Les vagues ont des reflets d’icebergs.

Les nuages qui étaient légions au réveil, ont été chassés d’un revers d’aquilon.

Il ne reste qu’à se réfugier au pied de ce qu’il reste de la dune pour observer la ronde des oiseaux marins.

Ils en ont vu d’autre, les bourrasques et autres rafales septentrionales n’ont plus de secret pour eux. À côté des tempêtes de l’Atlantique Nord, le Mistral a des mines de chérubin…

Une jeune mouette s’est posée au bord de l’estran, transie, face au vent, elle resserre ses plumes.

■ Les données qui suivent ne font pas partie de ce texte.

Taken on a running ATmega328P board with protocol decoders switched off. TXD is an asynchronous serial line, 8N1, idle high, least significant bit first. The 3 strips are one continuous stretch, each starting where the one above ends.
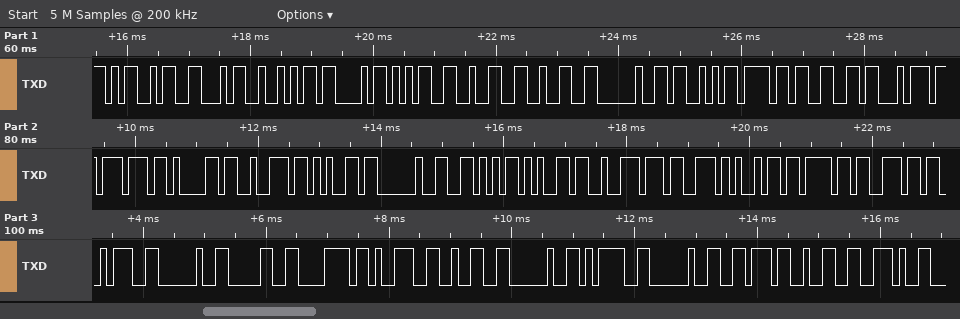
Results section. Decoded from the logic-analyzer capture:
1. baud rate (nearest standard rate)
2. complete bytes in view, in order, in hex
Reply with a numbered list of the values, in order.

1. 9600 baud
2. 4D 46 52 43 35 32 32 20 53 6F 66 74 77 61 72 65 20 56 65 72 73 69 6F 6E 3A 20 30 78 39 32 20 3D 20 76 32 2E

Elle se fait toute petite, aplatie sur le sable humide, ferme les yeux pour mieux entendre le concert qui lui est offert par les gerbes de vagues tintinnabulant sous la brise de mer.

Je capte son image sereine puis passe au large pour ne pas interrompre son plaisir.

Un été en bandoulière (22)

« Autour de nous, partout à perte de vue, l’espace infini, l’horizon bleu de la mer, l’horizon vert de la terre, les nuages, l’air, la liberté, les oiseaux envolés à toutes ailes, les vaisseaux à toutes voiles ; et puis, tout à coup, là, dans une crête de vieux mur, au-dessus de nos têtes, à travers une fenêtre grillée, la pâle figure d’un prisonnier. Jamais je n’ai senti plus vivement qu’ici les cruelles antithèses que l’homme fait avec la nature. »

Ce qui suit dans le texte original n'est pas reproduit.